Nanoparticle-enhanced bubble nucleation and heat transfer in nanoscale pool boiling

Abstract

Boiling heat transfer is well-known for its efficient multiphase properties and has been extensively studied. However, integrating nanofluids into boiling processes remains relatively underexplored, requiring a detailed understanding of their heat transfer characteristics. This work investigates the bubble behavior and heat transfer characteristics of deposited copper (Cu) nanoparticles on a platinum (Pt) heating substrate during pool boiling using molecular dynamics. Results show that bubbles initially nucleate on the Cu nanoparticle surface, coalesce from both sides and eventually form a vapor film. This film detaches from both the nanoparticle and the substrate. In a pure argon (Ar) system, bubbles nucleate directly on the substrate and detach immediately after coalescence.

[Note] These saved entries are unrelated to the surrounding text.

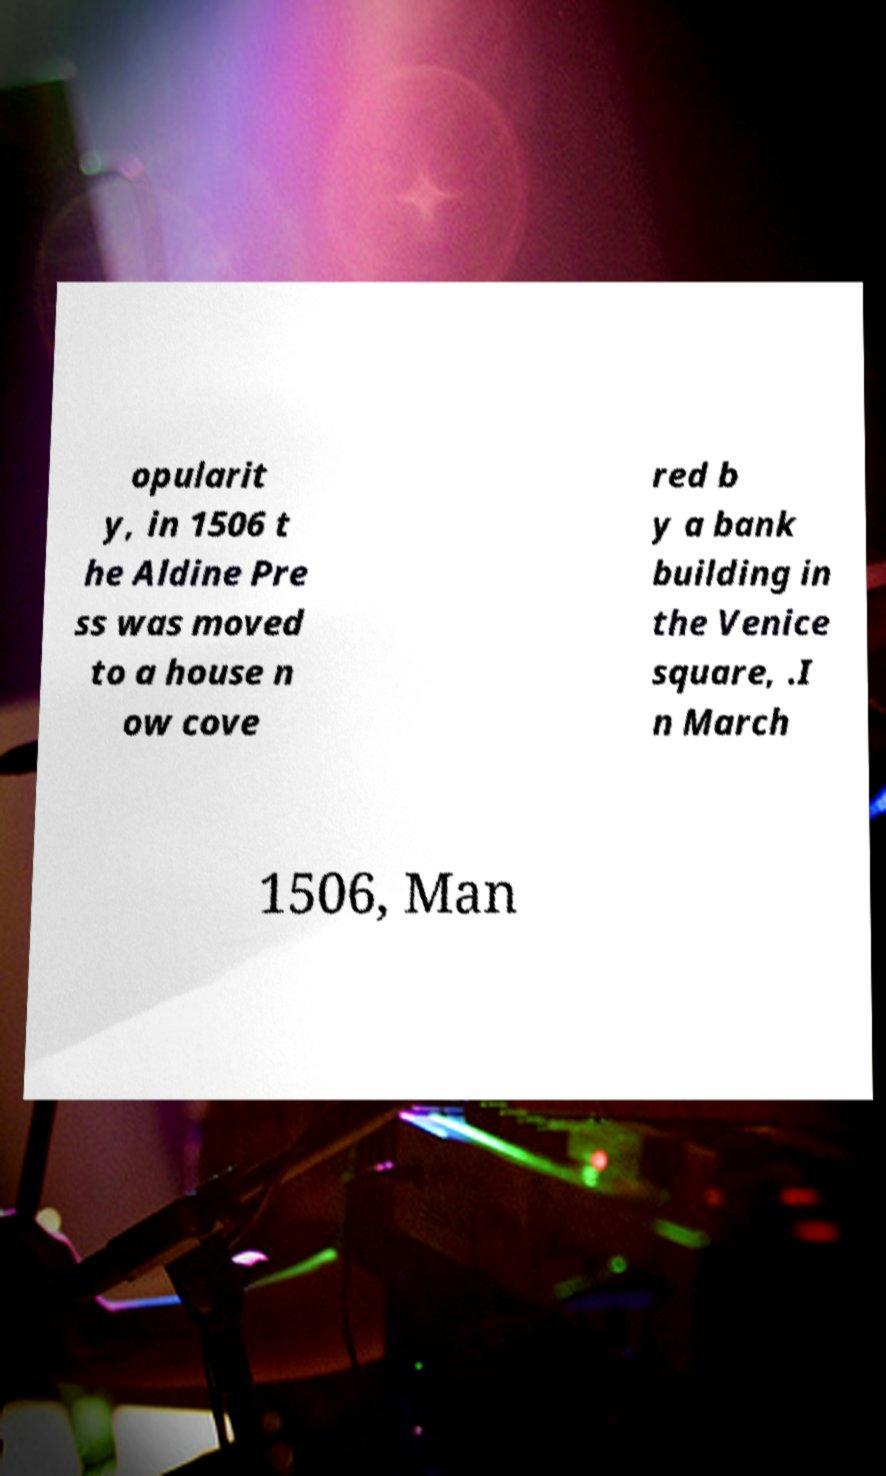I need the written content from this picture converted into text. Can you do that? opularit y, in 1506 t he Aldine Pre ss was moved to a house n ow cove red b y a bank building in the Venice square, .I n March 1506, Man 
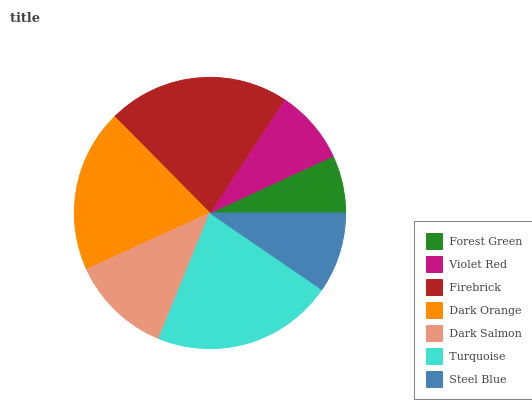Is Forest Green the minimum?
Answer yes or no. Yes. Is Firebrick the maximum?
Answer yes or no. Yes. Is Violet Red the minimum?
Answer yes or no. No. Is Violet Red the maximum?
Answer yes or no. No. Is Violet Red greater than Forest Green?
Answer yes or no. Yes. Is Forest Green less than Violet Red?
Answer yes or no. Yes. Is Forest Green greater than Violet Red?
Answer yes or no. No. Is Violet Red less than Forest Green?
Answer yes or no. No. Is Dark Salmon the high median?
Answer yes or no. Yes. Is Dark Salmon the low median?
Answer yes or no. Yes. Is Dark Orange the high median?
Answer yes or no. No. Is Turquoise the low median?
Answer yes or no. No. 
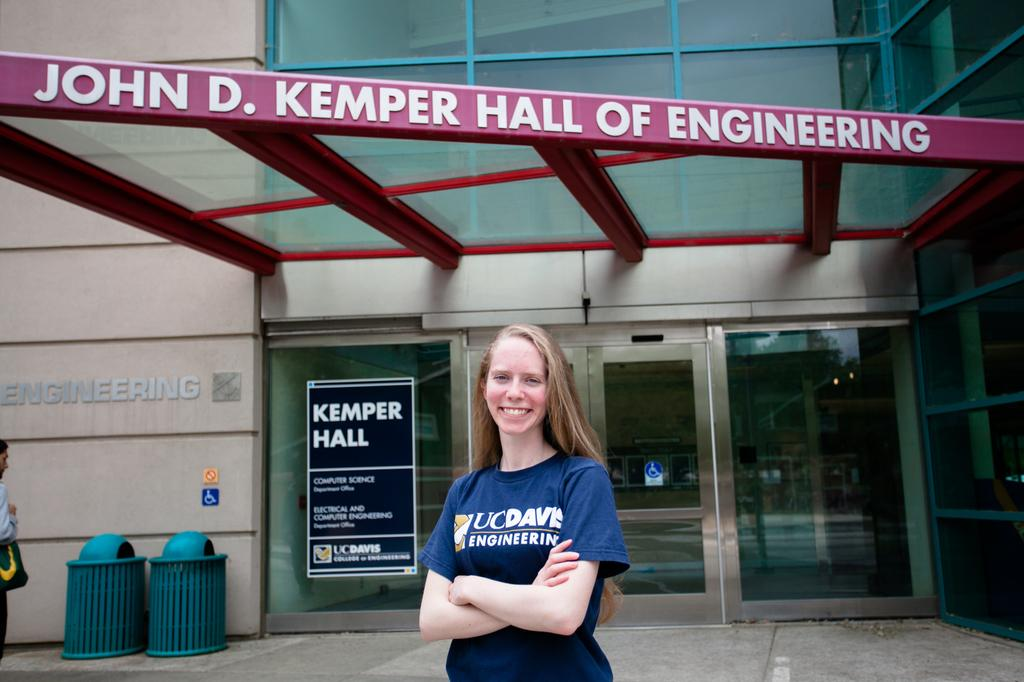<image>
Describe the image concisely. Girl is standing in front of John D. Kemper Hall of Engineering 
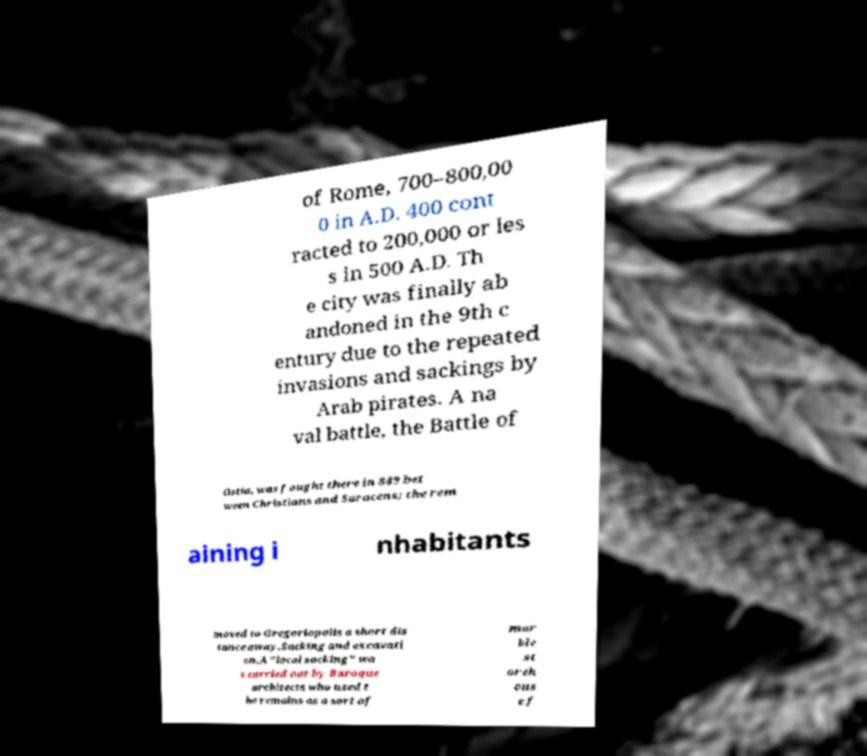Can you accurately transcribe the text from the provided image for me? of Rome, 700–800,00 0 in A.D. 400 cont racted to 200,000 or les s in 500 A.D. Th e city was finally ab andoned in the 9th c entury due to the repeated invasions and sackings by Arab pirates. A na val battle, the Battle of Ostia, was fought there in 849 bet ween Christians and Saracens; the rem aining i nhabitants moved to Gregoriopolis a short dis tance away.Sacking and excavati on.A "local sacking" wa s carried out by Baroque architects who used t he remains as a sort of mar ble st oreh ous e f 
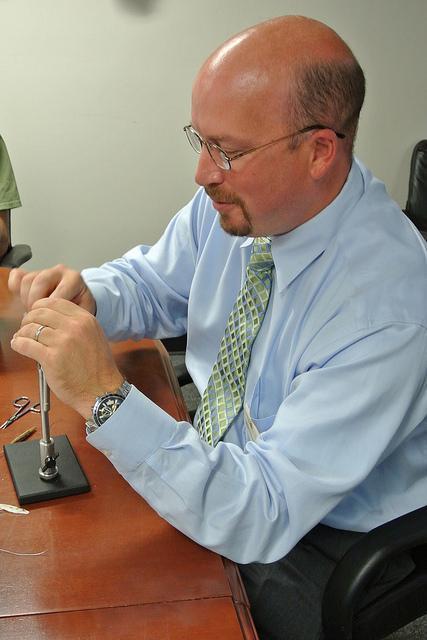How many men are there?
Give a very brief answer. 1. 
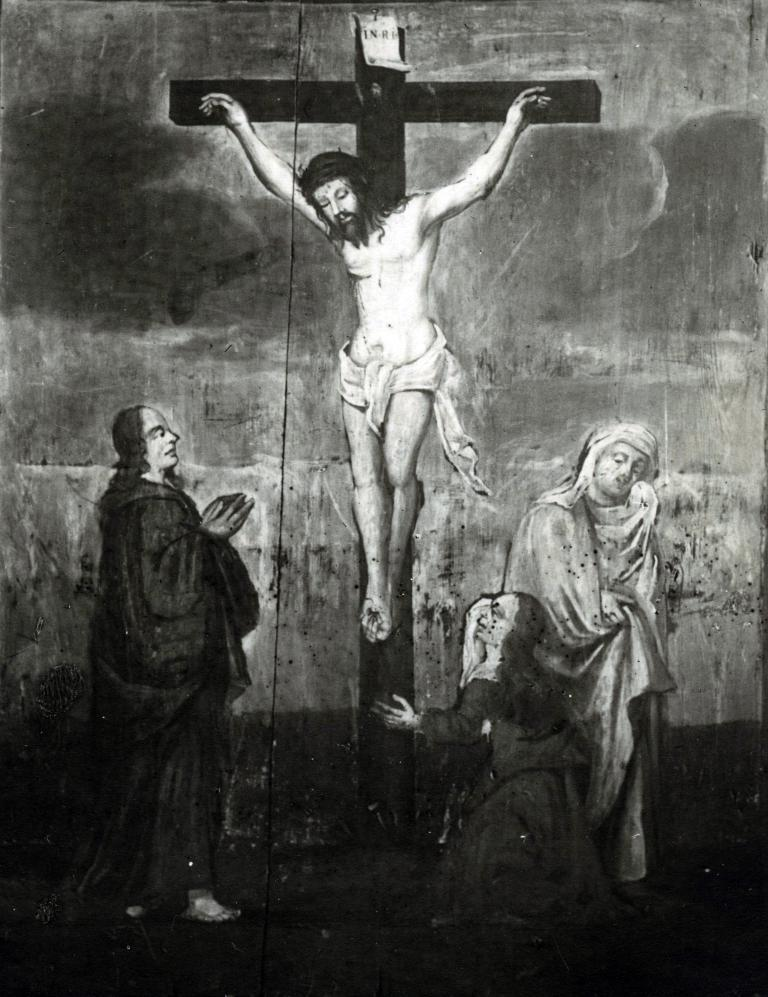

This leads to a 15.07 % increase in heat flux, a 13.7 % reduction in nucleate boiling onset time, and a 17.9 % increase in maximum evaporation. Among spherical, cylindrical, square, and conical deposited Cu nanoparticles, bubbles nucleate earliest at the edges of square nanoparticles, with nucleation occurring 8.7 % earlier and achieving 17.35 % higher maximum heat flux before nucleate boiling than in spherical nanoparticles. Additionally, nanoparticles with greater surface roughness and smaller specific surfaces favor bubble formation and growth. Ar vapor infiltrates the bubbles, enhancing buoyancy and promoting their detachment from the conductive layer. Moreover, weakened surface tension and lower surface energy facilitate bubble detachment. Resulting pores provide nucleation sites, enhancing vapor-liquid interaction and improving heat transfer efficiency.